To assess the performance of the proposed weighting schemes, we have conducted several experiments on the two-class classification problem using the data sets obtained from the Kent Ridge Bio-medical Data Set Repository. Four data sets are used here: the leukemia gene expression data, the breast cancer gene expression data, the lung cancer gene expression data, and the ovarian cancer protein mass spectrometry data. The number of the features in these four data sets ranges from several thousands to dozens of thousands. These four data sets are selected out of the repository because they are all two-class classification problems and they have a relatively large number of training samples and somewhat balanced distribution between the two classes.

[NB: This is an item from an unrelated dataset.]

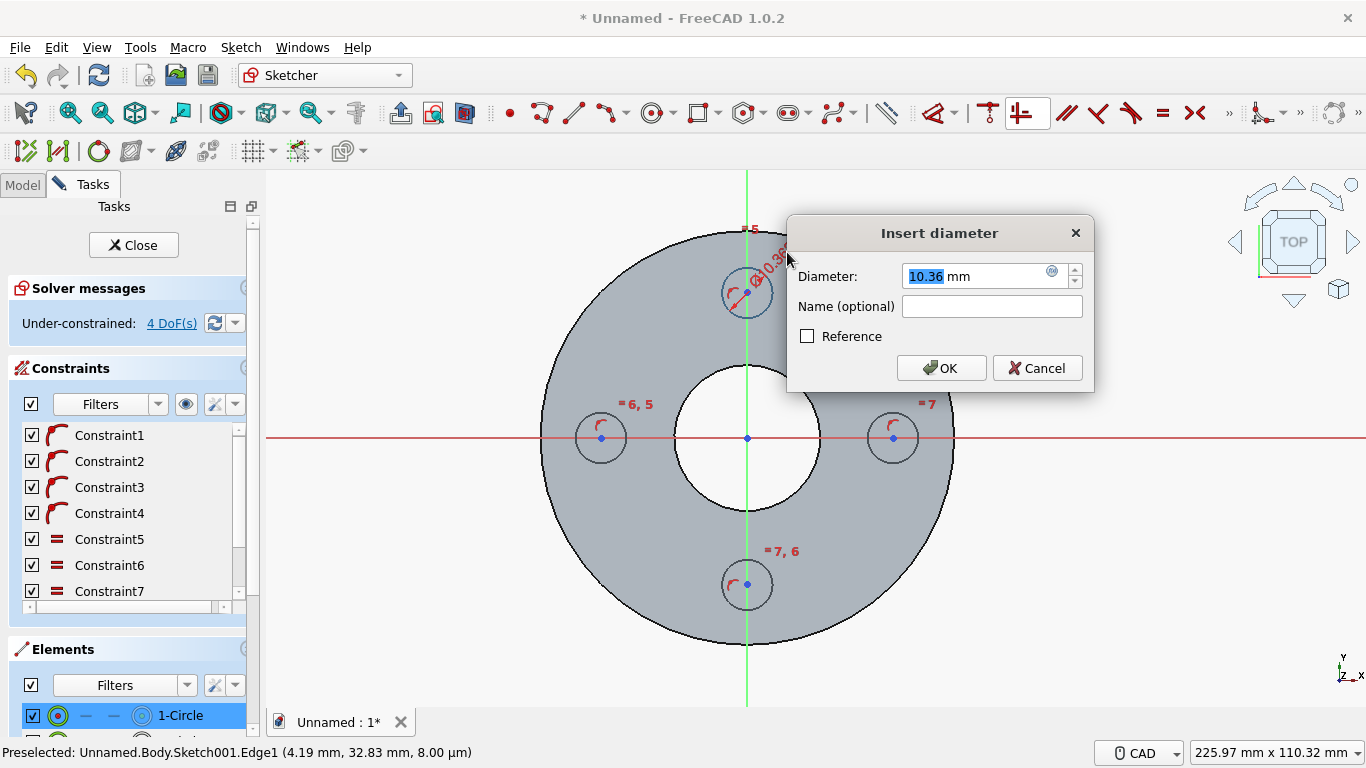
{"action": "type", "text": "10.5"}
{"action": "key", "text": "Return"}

The details about these data sets are as follows.

The leukemia data set was originally used in [6] as an example of the generic approach to cancer classification based on gene expression profiles measured from DNA microarrays. The training set consists of 38 bone marrow samples (27 ALL and 11 AML) with over 7,129 probes from 6,817 human genes. The test set is also provided, with 20 ALL and 14 AML cases. The breast cancer data was from [14] that identifies a gene expression signature to accurately predict breast cancer status. In this data set, 78 (34/44)1 training samples and 19 (12/7) test samples were collected and 24,481 genes were measured in the microarray. The lung cancer data used in [7] has 32 (16/16) training samples and 149 (15/134) test samples with each sample measured on 12,533 genes. The ovarian cancer data in [13] is the only protein expression data. There are 253 (162/91) samples without explicit separation into the training and the test sets. Each sample contains the relative amplitude of the intensities at 15,154 detected mass/charge (m/z) identity. The characteristics of these data sets are summarized in Table 1.

Table 1
Characteristics of the high dimensional data sets

In the following experiments, SVM is selected as the base learner of the random subspace method. We used the “svm” function in R package “e1071” to train our classifier. The dimension of the randomly selected subspace is set to be 10. We generate 1500 individual learners in total and plot the error rate as we vary the number of individual learners used for aggregation. The choice of number of individual learners and subspace dimension are heuristic. There are several considerations in these choices. First we want to have enough base learners so that error rates converge to a stable level. Second, it is very time consuming to generate SVM base learners and solve the weight assignment quadratic programming problem. We tried several choices of the number of base learners, 1500 ~ 2000 is a reasonable choice. As for the subspace dimension, the error rate is not very sensitive to it. We selected a small number 10 in hope that the selected subspaces don’t overlap in features. In the discussion section, we will discuss further on this topic. The prediction error rate is based on the test set error rate if there exists one test set and the mean error rate of 10 iterations of randomly splitting the original data set into the training and the test sets if no independent test set exists.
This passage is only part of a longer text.